**Assigned task**: Set every entry below down once more, exactly as it stands, without images.

**Supplied data**:
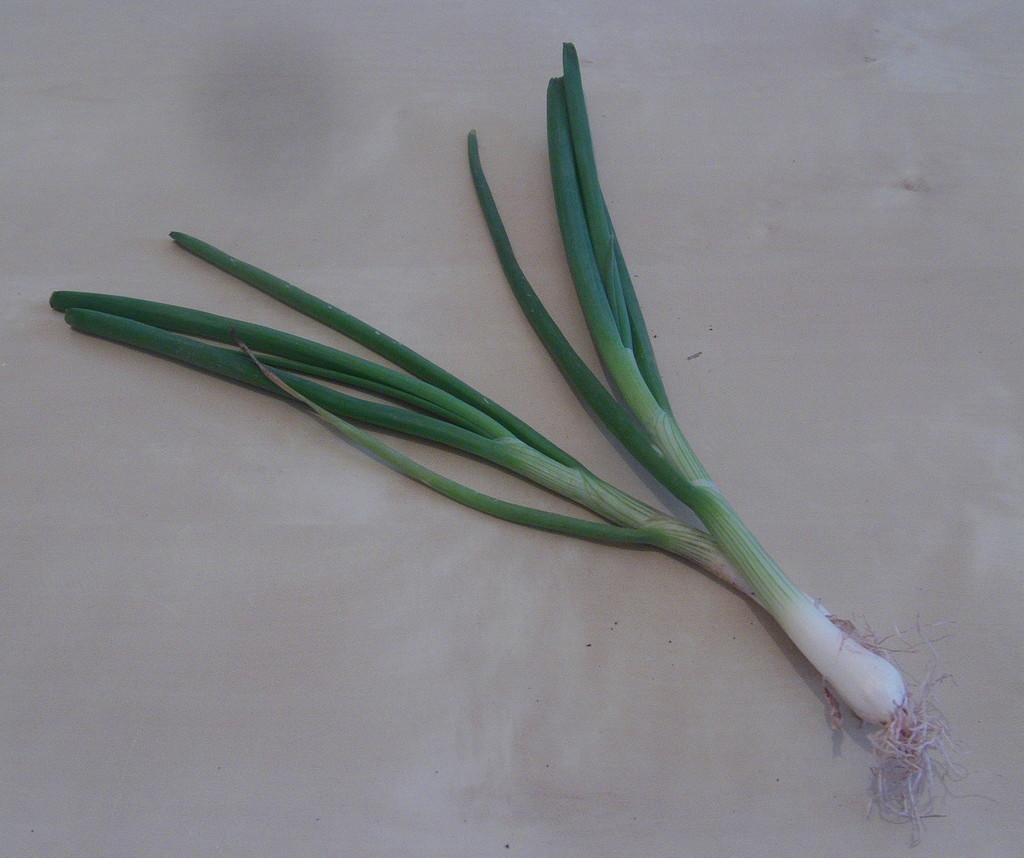Could you give a brief overview of what you see in this image? In this image we can see two green spring onions on the white surface looks like a floor. 
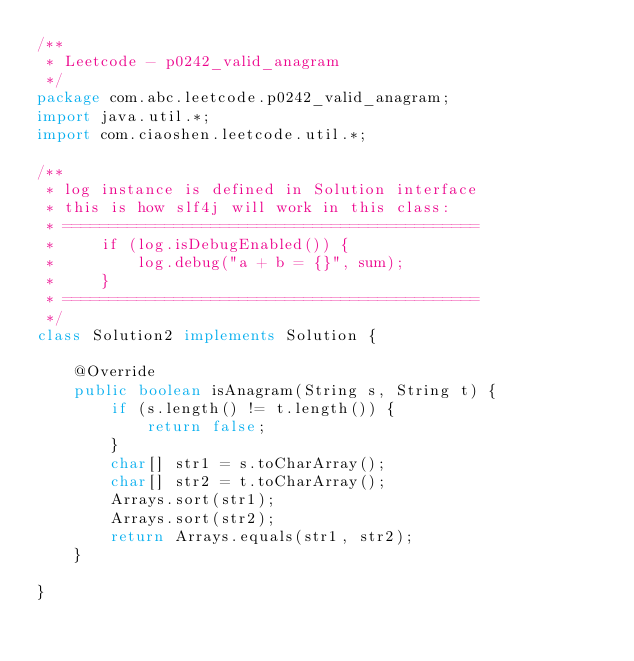Convert code to text. <code><loc_0><loc_0><loc_500><loc_500><_Java_>/**
 * Leetcode - p0242_valid_anagram
 */
package com.abc.leetcode.p0242_valid_anagram;
import java.util.*;
import com.ciaoshen.leetcode.util.*;

/** 
 * log instance is defined in Solution interface
 * this is how slf4j will work in this class:
 * =============================================
 *     if (log.isDebugEnabled()) {
 *         log.debug("a + b = {}", sum);
 *     }
 * =============================================
 */
class Solution2 implements Solution {

    @Override
    public boolean isAnagram(String s, String t) {
        if (s.length() != t.length()) {
            return false;
        }
        char[] str1 = s.toCharArray();
        char[] str2 = t.toCharArray();
        Arrays.sort(str1);
        Arrays.sort(str2);
        return Arrays.equals(str1, str2);
    }

}
</code> 
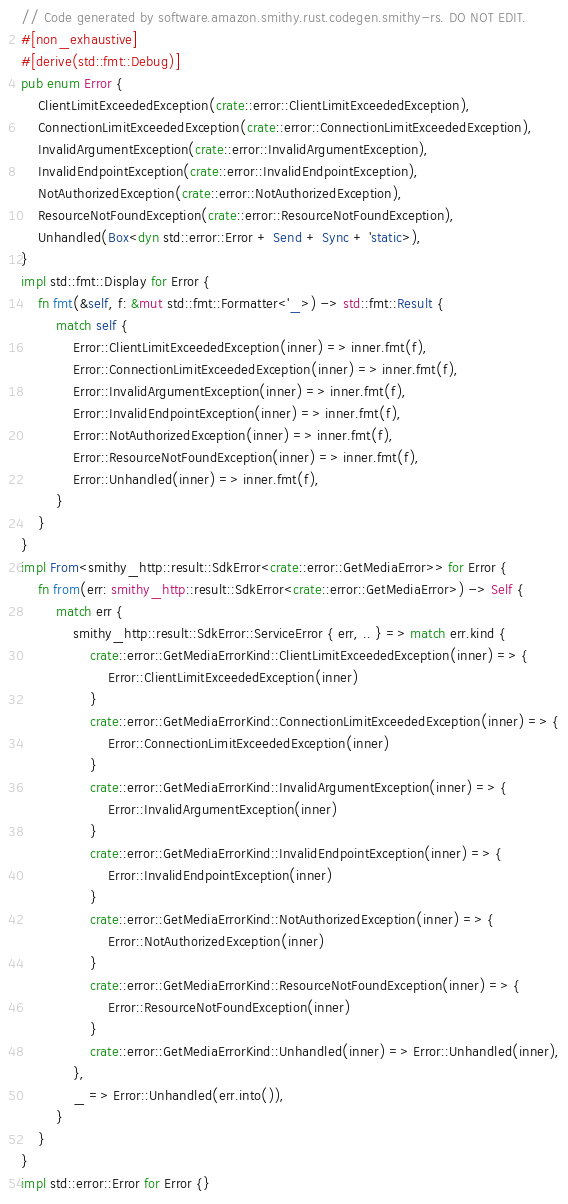Convert code to text. <code><loc_0><loc_0><loc_500><loc_500><_Rust_>// Code generated by software.amazon.smithy.rust.codegen.smithy-rs. DO NOT EDIT.
#[non_exhaustive]
#[derive(std::fmt::Debug)]
pub enum Error {
    ClientLimitExceededException(crate::error::ClientLimitExceededException),
    ConnectionLimitExceededException(crate::error::ConnectionLimitExceededException),
    InvalidArgumentException(crate::error::InvalidArgumentException),
    InvalidEndpointException(crate::error::InvalidEndpointException),
    NotAuthorizedException(crate::error::NotAuthorizedException),
    ResourceNotFoundException(crate::error::ResourceNotFoundException),
    Unhandled(Box<dyn std::error::Error + Send + Sync + 'static>),
}
impl std::fmt::Display for Error {
    fn fmt(&self, f: &mut std::fmt::Formatter<'_>) -> std::fmt::Result {
        match self {
            Error::ClientLimitExceededException(inner) => inner.fmt(f),
            Error::ConnectionLimitExceededException(inner) => inner.fmt(f),
            Error::InvalidArgumentException(inner) => inner.fmt(f),
            Error::InvalidEndpointException(inner) => inner.fmt(f),
            Error::NotAuthorizedException(inner) => inner.fmt(f),
            Error::ResourceNotFoundException(inner) => inner.fmt(f),
            Error::Unhandled(inner) => inner.fmt(f),
        }
    }
}
impl From<smithy_http::result::SdkError<crate::error::GetMediaError>> for Error {
    fn from(err: smithy_http::result::SdkError<crate::error::GetMediaError>) -> Self {
        match err {
            smithy_http::result::SdkError::ServiceError { err, .. } => match err.kind {
                crate::error::GetMediaErrorKind::ClientLimitExceededException(inner) => {
                    Error::ClientLimitExceededException(inner)
                }
                crate::error::GetMediaErrorKind::ConnectionLimitExceededException(inner) => {
                    Error::ConnectionLimitExceededException(inner)
                }
                crate::error::GetMediaErrorKind::InvalidArgumentException(inner) => {
                    Error::InvalidArgumentException(inner)
                }
                crate::error::GetMediaErrorKind::InvalidEndpointException(inner) => {
                    Error::InvalidEndpointException(inner)
                }
                crate::error::GetMediaErrorKind::NotAuthorizedException(inner) => {
                    Error::NotAuthorizedException(inner)
                }
                crate::error::GetMediaErrorKind::ResourceNotFoundException(inner) => {
                    Error::ResourceNotFoundException(inner)
                }
                crate::error::GetMediaErrorKind::Unhandled(inner) => Error::Unhandled(inner),
            },
            _ => Error::Unhandled(err.into()),
        }
    }
}
impl std::error::Error for Error {}
</code> 
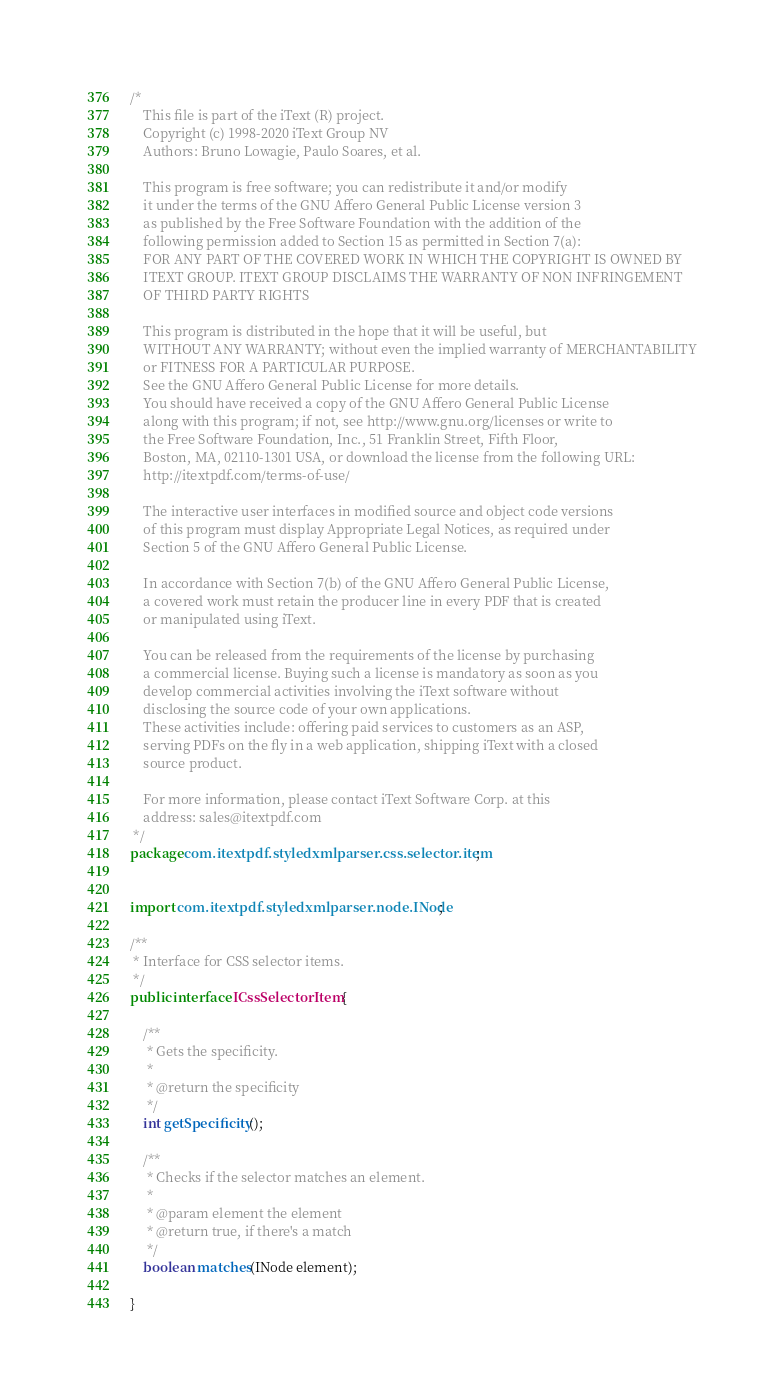Convert code to text. <code><loc_0><loc_0><loc_500><loc_500><_Java_>/*
    This file is part of the iText (R) project.
    Copyright (c) 1998-2020 iText Group NV
    Authors: Bruno Lowagie, Paulo Soares, et al.
    
    This program is free software; you can redistribute it and/or modify
    it under the terms of the GNU Affero General Public License version 3
    as published by the Free Software Foundation with the addition of the
    following permission added to Section 15 as permitted in Section 7(a):
    FOR ANY PART OF THE COVERED WORK IN WHICH THE COPYRIGHT IS OWNED BY
    ITEXT GROUP. ITEXT GROUP DISCLAIMS THE WARRANTY OF NON INFRINGEMENT
    OF THIRD PARTY RIGHTS
    
    This program is distributed in the hope that it will be useful, but
    WITHOUT ANY WARRANTY; without even the implied warranty of MERCHANTABILITY
    or FITNESS FOR A PARTICULAR PURPOSE.
    See the GNU Affero General Public License for more details.
    You should have received a copy of the GNU Affero General Public License
    along with this program; if not, see http://www.gnu.org/licenses or write to
    the Free Software Foundation, Inc., 51 Franklin Street, Fifth Floor,
    Boston, MA, 02110-1301 USA, or download the license from the following URL:
    http://itextpdf.com/terms-of-use/
    
    The interactive user interfaces in modified source and object code versions
    of this program must display Appropriate Legal Notices, as required under
    Section 5 of the GNU Affero General Public License.
    
    In accordance with Section 7(b) of the GNU Affero General Public License,
    a covered work must retain the producer line in every PDF that is created
    or manipulated using iText.
    
    You can be released from the requirements of the license by purchasing
    a commercial license. Buying such a license is mandatory as soon as you
    develop commercial activities involving the iText software without
    disclosing the source code of your own applications.
    These activities include: offering paid services to customers as an ASP,
    serving PDFs on the fly in a web application, shipping iText with a closed
    source product.
    
    For more information, please contact iText Software Corp. at this
    address: sales@itextpdf.com
 */
package com.itextpdf.styledxmlparser.css.selector.item;


import com.itextpdf.styledxmlparser.node.INode;

/**
 * Interface for CSS selector items.
 */
public interface ICssSelectorItem {

    /**
     * Gets the specificity.
     *
     * @return the specificity
     */
    int getSpecificity();

    /**
     * Checks if the selector matches an element.
     *
     * @param element the element
     * @return true, if there's a match
     */
    boolean matches(INode element);

}
</code> 
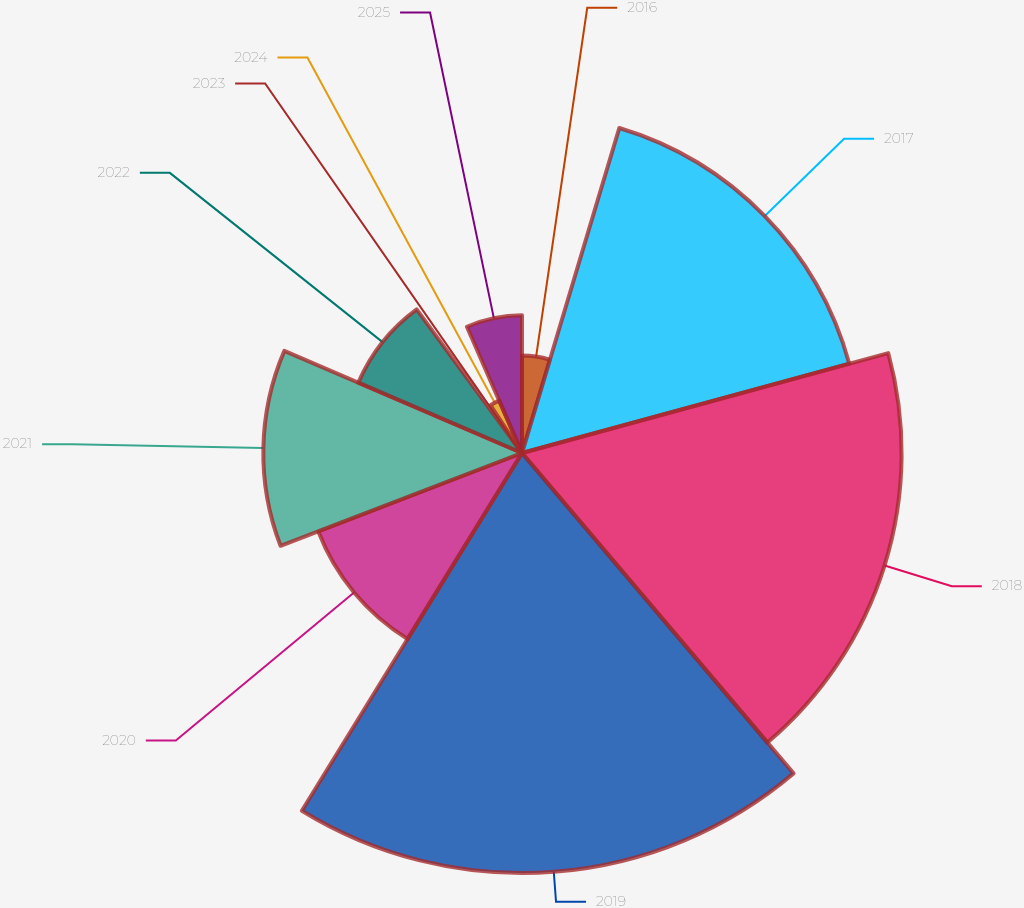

**Answer to the problem**:
Could you give a brief overview of what you see in this image? In this image we can see two green spring onions on the white surface looks like a floor. 
Convert code to text. <code><loc_0><loc_0><loc_500><loc_500><_Java_>/**
 * Leetcode - p0242_valid_anagram
 */
package com.abc.leetcode.p0242_valid_anagram;
import java.util.*;
import com.ciaoshen.leetcode.util.*;

/** 
 * log instance is defined in Solution interface
 * this is how slf4j will work in this class:
 * =============================================
 *     if (log.isDebugEnabled()) {
 *         log.debug("a + b = {}", sum);
 *     }
 * =============================================
 */
class Solution2 implements Solution {

    @Override
    public boolean isAnagram(String s, String t) {
        if (s.length() != t.length()) {
            return false;
        }
        char[] str1 = s.toCharArray();
        char[] str2 = t.toCharArray();
        Arrays.sort(str1);
        Arrays.sort(str2);
        return Arrays.equals(str1, str2);
    }

}
</code> 
Convert code to text. <code><loc_0><loc_0><loc_500><loc_500><_Rust_>// Code generated by software.amazon.smithy.rust.codegen.smithy-rs. DO NOT EDIT.
#[non_exhaustive]
#[derive(std::fmt::Debug)]
pub enum Error {
    ClientLimitExceededException(crate::error::ClientLimitExceededException),
    ConnectionLimitExceededException(crate::error::ConnectionLimitExceededException),
    InvalidArgumentException(crate::error::InvalidArgumentException),
    InvalidEndpointException(crate::error::InvalidEndpointException),
    NotAuthorizedException(crate::error::NotAuthorizedException),
    ResourceNotFoundException(crate::error::ResourceNotFoundException),
    Unhandled(Box<dyn std::error::Error + Send + Sync + 'static>),
}
impl std::fmt::Display for Error {
    fn fmt(&self, f: &mut std::fmt::Formatter<'_>) -> std::fmt::Result {
        match self {
            Error::ClientLimitExceededException(inner) => inner.fmt(f),
            Error::ConnectionLimitExceededException(inner) => inner.fmt(f),
            Error::InvalidArgumentException(inner) => inner.fmt(f),
            Error::InvalidEndpointException(inner) => inner.fmt(f),
            Error::NotAuthorizedException(inner) => inner.fmt(f),
            Error::ResourceNotFoundException(inner) => inner.fmt(f),
            Error::Unhandled(inner) => inner.fmt(f),
        }
    }
}
impl From<smithy_http::result::SdkError<crate::error::GetMediaError>> for Error {
    fn from(err: smithy_http::result::SdkError<crate::error::GetMediaError>) -> Self {
        match err {
            smithy_http::result::SdkError::ServiceError { err, .. } => match err.kind {
                crate::error::GetMediaErrorKind::ClientLimitExceededException(inner) => {
                    Error::ClientLimitExceededException(inner)
                }
                crate::error::GetMediaErrorKind::ConnectionLimitExceededException(inner) => {
                    Error::ConnectionLimitExceededException(inner)
                }
                crate::error::GetMediaErrorKind::InvalidArgumentException(inner) => {
                    Error::InvalidArgumentException(inner)
                }
                crate::error::GetMediaErrorKind::InvalidEndpointException(inner) => {
                    Error::InvalidEndpointException(inner)
                }
                crate::error::GetMediaErrorKind::NotAuthorizedException(inner) => {
                    Error::NotAuthorizedException(inner)
                }
                crate::error::GetMediaErrorKind::ResourceNotFoundException(inner) => {
                    Error::ResourceNotFoundException(inner)
                }
                crate::error::GetMediaErrorKind::Unhandled(inner) => Error::Unhandled(inner),
            },
            _ => Error::Unhandled(err.into()),
        }
    }
}
impl std::error::Error for Error {}
</code> 
Convert code to text. <code><loc_0><loc_0><loc_500><loc_500><_Java_>/*
    This file is part of the iText (R) project.
    Copyright (c) 1998-2020 iText Group NV
    Authors: Bruno Lowagie, Paulo Soares, et al.
    
    This program is free software; you can redistribute it and/or modify
    it under the terms of the GNU Affero General Public License version 3
    as published by the Free Software Foundation with the addition of the
    following permission added to Section 15 as permitted in Section 7(a):
    FOR ANY PART OF THE COVERED WORK IN WHICH THE COPYRIGHT IS OWNED BY
    ITEXT GROUP. ITEXT GROUP DISCLAIMS THE WARRANTY OF NON INFRINGEMENT
    OF THIRD PARTY RIGHTS
    
    This program is distributed in the hope that it will be useful, but
    WITHOUT ANY WARRANTY; without even the implied warranty of MERCHANTABILITY
    or FITNESS FOR A PARTICULAR PURPOSE.
    See the GNU Affero General Public License for more details.
    You should have received a copy of the GNU Affero General Public License
    along with this program; if not, see http://www.gnu.org/licenses or write to
    the Free Software Foundation, Inc., 51 Franklin Street, Fifth Floor,
    Boston, MA, 02110-1301 USA, or download the license from the following URL:
    http://itextpdf.com/terms-of-use/
    
    The interactive user interfaces in modified source and object code versions
    of this program must display Appropriate Legal Notices, as required under
    Section 5 of the GNU Affero General Public License.
    
    In accordance with Section 7(b) of the GNU Affero General Public License,
    a covered work must retain the producer line in every PDF that is created
    or manipulated using iText.
    
    You can be released from the requirements of the license by purchasing
    a commercial license. Buying such a license is mandatory as soon as you
    develop commercial activities involving the iText software without
    disclosing the source code of your own applications.
    These activities include: offering paid services to customers as an ASP,
    serving PDFs on the fly in a web application, shipping iText with a closed
    source product.
    
    For more information, please contact iText Software Corp. at this
    address: sales@itextpdf.com
 */
package com.itextpdf.styledxmlparser.css.selector.item;


import com.itextpdf.styledxmlparser.node.INode;

/**
 * Interface for CSS selector items.
 */
public interface ICssSelectorItem {

    /**
     * Gets the specificity.
     *
     * @return the specificity
     */
    int getSpecificity();

    /**
     * Checks if the selector matches an element.
     *
     * @param element the element
     * @return true, if there's a match
     */
    boolean matches(INode element);

}
</code> 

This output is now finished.